▶ _Record extracts_:
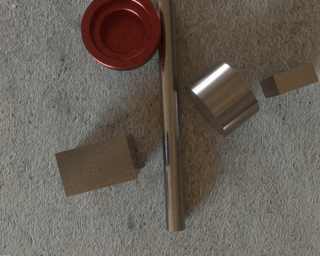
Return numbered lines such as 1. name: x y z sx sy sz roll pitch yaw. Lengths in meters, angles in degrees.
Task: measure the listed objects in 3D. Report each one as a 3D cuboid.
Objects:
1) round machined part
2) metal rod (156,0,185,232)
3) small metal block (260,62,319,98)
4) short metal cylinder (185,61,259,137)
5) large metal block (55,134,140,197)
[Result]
1. round machined part: -0.047 -0.122 0.399 0.099 0.042 0.097 0 90 2
2. metal rod: 0.014 -0.016 0.410 0.025 0.025 0.298 -3 90 -1
3. small metal block: 0.165 -0.060 0.400 0.050 0.050 0.025 -19 90 0
4. short metal cylinder: 0.076 -0.035 0.384 0.050 0.080 0.080 -38 91 0
5. large metal block: -0.071 0.042 0.382 0.080 0.080 0.050 -14 90 0

▶ _Try it_: Reproduce the full listing faithfully, but do not carry over any pictures.

▶ _Result of the task_:
Return numbered lines such as 1. name: x y z sx sy sz roll pitch yaw. Lengths in meters, angles in degrees.
Task: measure the listed objects in 3D. Report each one as a 3D cuboid.
Objects:
1) round machined part
2) metal rod (156,0,185,232)
3) small metal block (260,62,319,98)
4) short metal cylinder (185,61,259,137)
5) large metal block (55,134,140,197)
[Result]
1. round machined part: -0.047 -0.122 0.399 0.099 0.042 0.097 0 90 2
2. metal rod: 0.014 -0.016 0.410 0.025 0.025 0.298 -3 90 -1
3. small metal block: 0.165 -0.060 0.400 0.050 0.050 0.025 -19 90 0
4. short metal cylinder: 0.076 -0.035 0.384 0.050 0.080 0.080 -38 91 0
5. large metal block: -0.071 0.042 0.382 0.080 0.080 0.050 -14 90 0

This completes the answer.